The image after applying noise is the test set 2. Then, the original image and the noise image of the test set 2 were reconstructed through the integrated network, compared with the ground truth, and the root mean square error (RMSE 3) was calculated (as shown in Figure 16).

According to the test set 2 of the noise evaluation experiment and the corresponding noise image, the fluctuation interval of the RMSE3 of the noise image reconstruction and the original image reconstruction is (-0.04, 0.18). In addition, there may be a large number of noise points covering the high-frequency details, which will affect the discriminating process of the discriminator of the face detail synthesis module, resulting in the increase of iterations and the slight improvement of the accuracy of the whole model.

6. Conclusion

We propose a reconstruction system for face model. The initial face reconstruction module uses a face alignment network and 3DMM to initially reconstruct a face with a smooth surface. The face detail synthesis network generates a displacement map, which contains most of the details of the reconstructed object. For facial expressions, we use an emotional feature predictor to fit facial expressions. The three-dimensional sense and accuracy of the detailed face model are better than the 3DMM reconstruction model based on PCA. Through the evaluation of face alignment, accuracy, and robustness in unconstrained scenes, our method obtains ideal results.
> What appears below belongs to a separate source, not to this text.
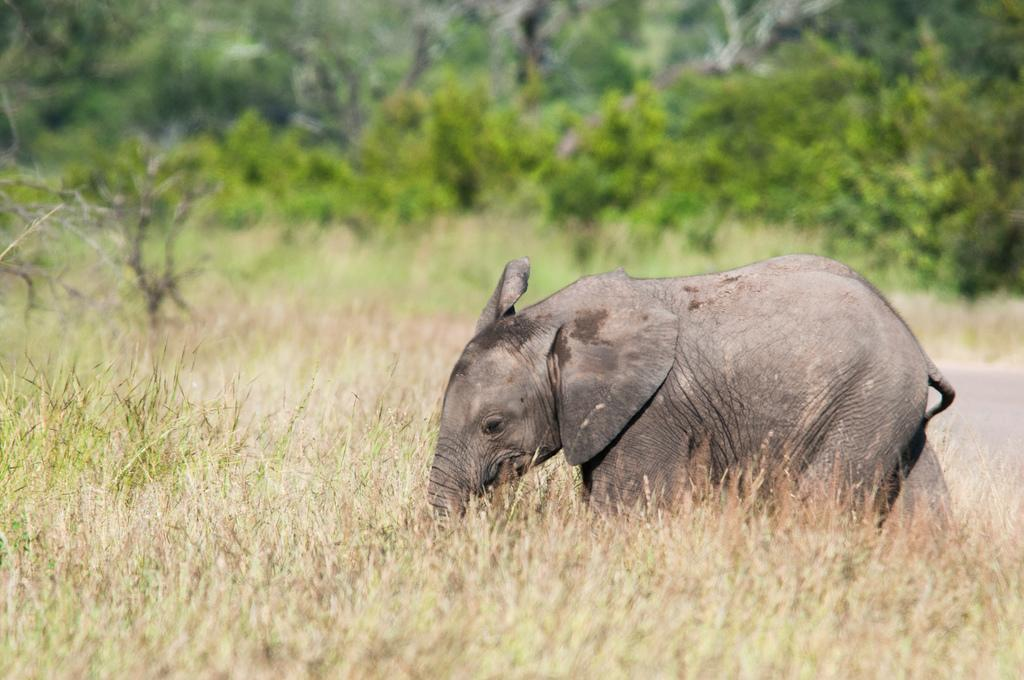What is the main subject in the center of the image? There is an elephant in the center of the image. What can be seen in the background of the image? There are trees and grass in the background of the image. What type of powder is the elephant using to perform a trick in the image? There is no powder or trick being performed by the elephant in the image.

Compared with other advanced methods, our method also has more advantages.

Data Availability

The data used to support the findings of this study are available from the corresponding author upon request.

Conflicts of Interest

The author declares that there is no conflict of interest regarding the publication of this paper.

Acknowledgments

This work is supported by the Shandong Provincial Natural Science Foundation (ZR2020MF119).